Phenolic acids are a class of organic compounds that bear both a phenolic group, and a carboxylic group. They are found in grains and concentrate in the bran of cereals or seed coat of legumes. They possess antioxidant properties that have generated much research interest in recent years, about their potential antioxidant protective health functions. This work presents a generalized method for the extraction of free soluble phenolic acids from whole grains and analysis of their antioxidant capacity. Five whole grain samples comprising two cereals (wheat and yellow corn) and three legumes (cowpea bean, kidney bean, and soybean), were used. The grains were milled into flour and their free soluble phenolic acids extracted using aqueous methanol. The compounds were then identified using a high-pressure liquid chromatograph (HPLC). The Folin-Ciocalteu method was used to determine their total phenolic content while their antioxidant capacities were determined using the DPPH radical scavenging capacity, Trolox equivalent antioxidant capacity (TEAC) and oxygen radical absorbance capacity (ORAC) assays. The phenolic acids identified included vanillic, caffeic, p-coumaric and ferulic acids. Vanillic acid was identified only in cowpea while caffeic acid was identified only in kidney bean. p-Coumaric acid was identified in yellow corn, cowpea, and soybean, while ferulic acid was identified in all the samples. Ferulic acid was the predominant phenolic acid identified. The total concentration of phenolic acids in the samples decreased in the following order: soybean > cowpea bean > yellow corn = kidney bean > wheat.

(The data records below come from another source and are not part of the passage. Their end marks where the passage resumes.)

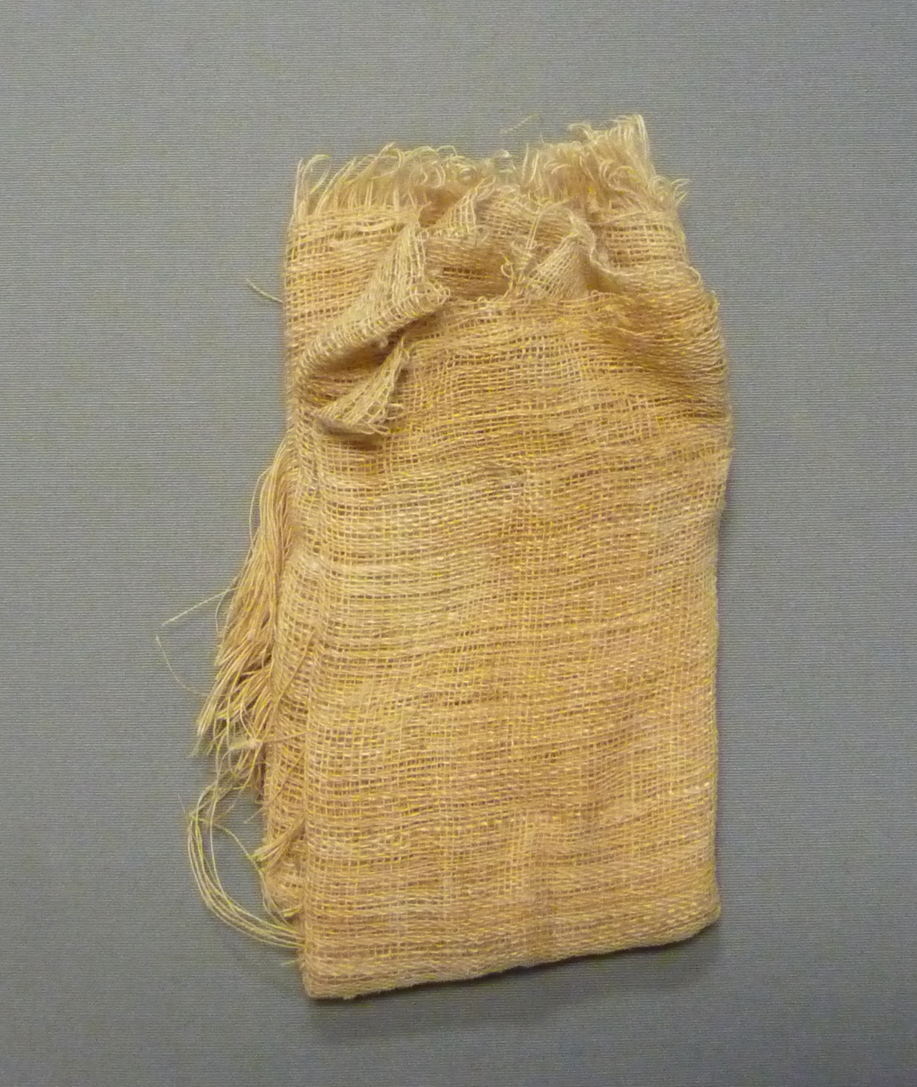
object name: linen
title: Model Sheet from a Foundation Deposit for Hatshepsut's Temple
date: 1479-1458 BCE
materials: linen
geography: egypt

The total antioxidant capacity (sum of values of DPPH, TEAC and ORAC assays) decreased as follows: soybean > kidney bean > yellow corn = cowpea bean > wheat. This study concluded that HPLC analysis as well as DPPH, TEAC, and ORAC assays provide useful information about the phenolic acid composition and antioxidant properties of whole grains.
Phenolic acids are among the most important phytochemicals studied in plants due to the vital role they play in plant defense against herbivory and fungal infection, as well as maintaining structural support and integrity in plant tissues1,2. They are abundant in the bran of cereals and seed coat of legumes3. Structurally, they are divided into two groups: the hydroxybenzoic acids (Figure 1) and hydroxycinnamic acids (Figure 2). The common hydroxybenzoic acids in cereals and legumes include gallic, p-hydroxybenzoic, 2,4-dihydroxybenzoic, protocatechuic, vanillic, and syringic acids, while the common hydroxycinnamic acids include caffeic, p-coumaric, ferulic, and sinapic acids3. Phenolic acids also possess antioxidant properties since they are able to scavenge free radicals, which cause oxidative rancidity in fats, and initiate and propagate radical-induced oxidative stress in physiological systems4,5. Due to this vital physiological role as antioxidants, they are the subject of recent research. This is because when consumed as components of plant foods, they can exert antioxidant protection.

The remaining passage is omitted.